- TASK TO CARRY OUT -
Reproduce verbatim the lines of the material below, starting at the line with "kettle: x=0.124 y=0.158" and ending at the line with "Example of the format, with", both inclusive; skip the rest.

>>>

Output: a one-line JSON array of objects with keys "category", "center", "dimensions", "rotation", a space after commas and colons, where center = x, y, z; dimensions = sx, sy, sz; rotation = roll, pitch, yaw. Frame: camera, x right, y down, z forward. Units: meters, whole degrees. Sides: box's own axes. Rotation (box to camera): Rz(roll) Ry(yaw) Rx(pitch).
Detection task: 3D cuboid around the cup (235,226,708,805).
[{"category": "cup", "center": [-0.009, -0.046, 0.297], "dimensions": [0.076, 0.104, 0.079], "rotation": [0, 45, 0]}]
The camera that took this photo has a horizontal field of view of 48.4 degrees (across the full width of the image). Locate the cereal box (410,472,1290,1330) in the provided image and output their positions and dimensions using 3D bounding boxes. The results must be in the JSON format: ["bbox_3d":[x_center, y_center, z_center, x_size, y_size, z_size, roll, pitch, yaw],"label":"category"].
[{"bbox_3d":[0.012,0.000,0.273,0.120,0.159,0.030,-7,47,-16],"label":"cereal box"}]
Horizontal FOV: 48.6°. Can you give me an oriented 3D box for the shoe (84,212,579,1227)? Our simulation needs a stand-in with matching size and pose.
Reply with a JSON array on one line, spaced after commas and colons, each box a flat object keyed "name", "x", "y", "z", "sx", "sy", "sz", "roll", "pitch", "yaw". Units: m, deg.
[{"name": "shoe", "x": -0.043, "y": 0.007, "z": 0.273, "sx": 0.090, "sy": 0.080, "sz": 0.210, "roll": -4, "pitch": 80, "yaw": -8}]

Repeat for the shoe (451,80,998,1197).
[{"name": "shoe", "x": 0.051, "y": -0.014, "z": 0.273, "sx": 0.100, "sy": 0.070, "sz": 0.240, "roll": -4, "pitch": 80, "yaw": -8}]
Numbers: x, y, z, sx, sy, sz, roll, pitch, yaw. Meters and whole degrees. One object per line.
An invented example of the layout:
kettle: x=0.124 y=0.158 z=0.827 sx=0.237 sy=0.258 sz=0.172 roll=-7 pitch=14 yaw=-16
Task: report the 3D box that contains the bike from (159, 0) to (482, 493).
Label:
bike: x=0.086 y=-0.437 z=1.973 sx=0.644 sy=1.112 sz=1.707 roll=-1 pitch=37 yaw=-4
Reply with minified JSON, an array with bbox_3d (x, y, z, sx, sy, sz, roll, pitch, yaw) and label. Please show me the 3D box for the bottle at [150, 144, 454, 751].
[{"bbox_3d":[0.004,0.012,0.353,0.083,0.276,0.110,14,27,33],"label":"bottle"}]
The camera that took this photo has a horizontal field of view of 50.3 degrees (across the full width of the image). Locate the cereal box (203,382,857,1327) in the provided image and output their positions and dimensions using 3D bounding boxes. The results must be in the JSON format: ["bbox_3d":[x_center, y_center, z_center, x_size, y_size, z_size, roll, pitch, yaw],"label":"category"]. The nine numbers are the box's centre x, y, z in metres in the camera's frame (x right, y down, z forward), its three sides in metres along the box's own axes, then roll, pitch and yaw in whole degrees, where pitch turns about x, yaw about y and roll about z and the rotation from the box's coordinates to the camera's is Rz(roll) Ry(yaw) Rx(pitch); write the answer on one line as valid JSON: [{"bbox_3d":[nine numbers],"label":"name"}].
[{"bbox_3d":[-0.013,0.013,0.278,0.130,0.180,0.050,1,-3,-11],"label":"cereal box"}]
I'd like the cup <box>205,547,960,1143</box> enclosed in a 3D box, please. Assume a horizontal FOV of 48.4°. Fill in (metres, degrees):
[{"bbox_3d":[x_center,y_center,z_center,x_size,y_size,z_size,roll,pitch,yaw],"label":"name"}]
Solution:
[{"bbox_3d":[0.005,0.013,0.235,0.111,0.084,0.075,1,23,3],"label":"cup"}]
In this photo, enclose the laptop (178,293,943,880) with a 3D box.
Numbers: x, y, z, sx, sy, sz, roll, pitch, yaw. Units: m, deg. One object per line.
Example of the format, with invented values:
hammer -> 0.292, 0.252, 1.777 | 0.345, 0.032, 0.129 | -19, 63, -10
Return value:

<<<

- OUTPUT FOR THIS TASK -
kettle: x=0.124 y=0.158 z=0.827 sx=0.237 sy=0.258 sz=0.172 roll=-7 pitch=14 yaw=-16
Task: report the 3D box that contains the bike from (159, 0) to (482, 493).
Label:
bike: x=0.086 y=-0.437 z=1.973 sx=0.644 sy=1.112 sz=1.707 roll=-1 pitch=37 yaw=-4
Reply with minified JSON, an array with bbox_3d (x, y, z, sx, sy, sz, roll, pitch, yaw) and label. Please show me the 3D box for the bottle at [150, 144, 454, 751].
[{"bbox_3d":[0.004,0.012,0.353,0.083,0.276,0.110,14,27,33],"label":"bottle"}]
The camera that took this photo has a horizontal field of view of 50.3 degrees (across the full width of the image). Locate the cereal box (203,382,857,1327) in the provided image and output their positions and dimensions using 3D bounding boxes. The results must be in the JSON format: ["bbox_3d":[x_center, y_center, z_center, x_size, y_size, z_size, roll, pitch, yaw],"label":"category"]. The nine numbers are the box's centre x, y, z in metres in the camera's frame (x right, y down, z forward), its three sides in metres along the box's own axes, then roll, pitch and yaw in whole degrees, where pitch turns about x, yaw about y and roll about z and the rotation from the box's coordinates to the camera's is Rz(roll) Ry(yaw) Rx(pitch); write the answer on one line as valid JSON: [{"bbox_3d":[nine numbers],"label":"name"}].
[{"bbox_3d":[-0.013,0.013,0.278,0.130,0.180,0.050,1,-3,-11],"label":"cereal box"}]
I'd like the cup <box>205,547,960,1143</box> enclosed in a 3D box, please. Assume a horizontal FOV of 48.4°. Fill in (metres, degrees):
[{"bbox_3d":[x_center,y_center,z_center,x_size,y_size,z_size,roll,pitch,yaw],"label":"name"}]
Solution:
[{"bbox_3d":[0.005,0.013,0.235,0.111,0.084,0.075,1,23,3],"label":"cup"}]
In this photo, enclose the laptop (178,293,943,880) with a 3D box.
Numbers: x, y, z, sx, sy, sz, roll, pitch, yaw. Units: m, deg. One object per line.
Example of the format, with invented values:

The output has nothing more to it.